◆ **WHAT IS EXPECTED**
The required output is the exact run of lines below that opens at the line with "Work out the" and closes at the line with "Numbers: x, y, z, sx, sy, sz, roll, pitch, yaw.".

START ENTRIES PROVIDED

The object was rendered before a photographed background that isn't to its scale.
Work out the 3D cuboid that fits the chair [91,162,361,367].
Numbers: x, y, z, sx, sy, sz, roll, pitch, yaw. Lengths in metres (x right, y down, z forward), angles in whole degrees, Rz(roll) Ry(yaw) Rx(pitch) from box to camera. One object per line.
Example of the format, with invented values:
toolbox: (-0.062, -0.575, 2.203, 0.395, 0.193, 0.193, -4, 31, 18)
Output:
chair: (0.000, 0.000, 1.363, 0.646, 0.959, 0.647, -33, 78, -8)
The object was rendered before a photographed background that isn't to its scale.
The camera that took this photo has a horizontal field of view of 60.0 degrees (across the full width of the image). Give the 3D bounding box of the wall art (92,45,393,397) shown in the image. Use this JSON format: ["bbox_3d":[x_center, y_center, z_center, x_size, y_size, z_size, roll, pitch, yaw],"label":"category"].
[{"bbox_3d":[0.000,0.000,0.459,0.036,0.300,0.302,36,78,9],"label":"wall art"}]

END ENTRIES PROVIDED
START ENTRIES PROVIDED

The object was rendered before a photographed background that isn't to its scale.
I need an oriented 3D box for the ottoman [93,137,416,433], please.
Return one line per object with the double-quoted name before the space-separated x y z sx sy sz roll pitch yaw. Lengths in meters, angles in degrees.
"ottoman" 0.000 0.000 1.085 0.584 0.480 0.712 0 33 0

END ENTRIES PROVIDED
START ENTRIES PROVIDED

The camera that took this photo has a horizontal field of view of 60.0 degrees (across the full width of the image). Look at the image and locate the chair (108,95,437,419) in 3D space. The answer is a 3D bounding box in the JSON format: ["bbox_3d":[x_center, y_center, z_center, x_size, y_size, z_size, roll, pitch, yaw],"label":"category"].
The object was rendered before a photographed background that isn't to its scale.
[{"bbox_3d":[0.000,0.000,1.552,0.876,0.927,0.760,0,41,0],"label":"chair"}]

END ENTRIES PROVIDED

◆ **OUTPUT FOR THIS TASK**
Work out the 3D cuboid that fits the chair [91,162,361,367].
Numbers: x, y, z, sx, sy, sz, roll, pitch, yaw. Lengths in metres (x right, y down, z forward), angles in whole degrees, Rz(roll) Ry(yaw) Rx(pitch) from box to camera. One object per line.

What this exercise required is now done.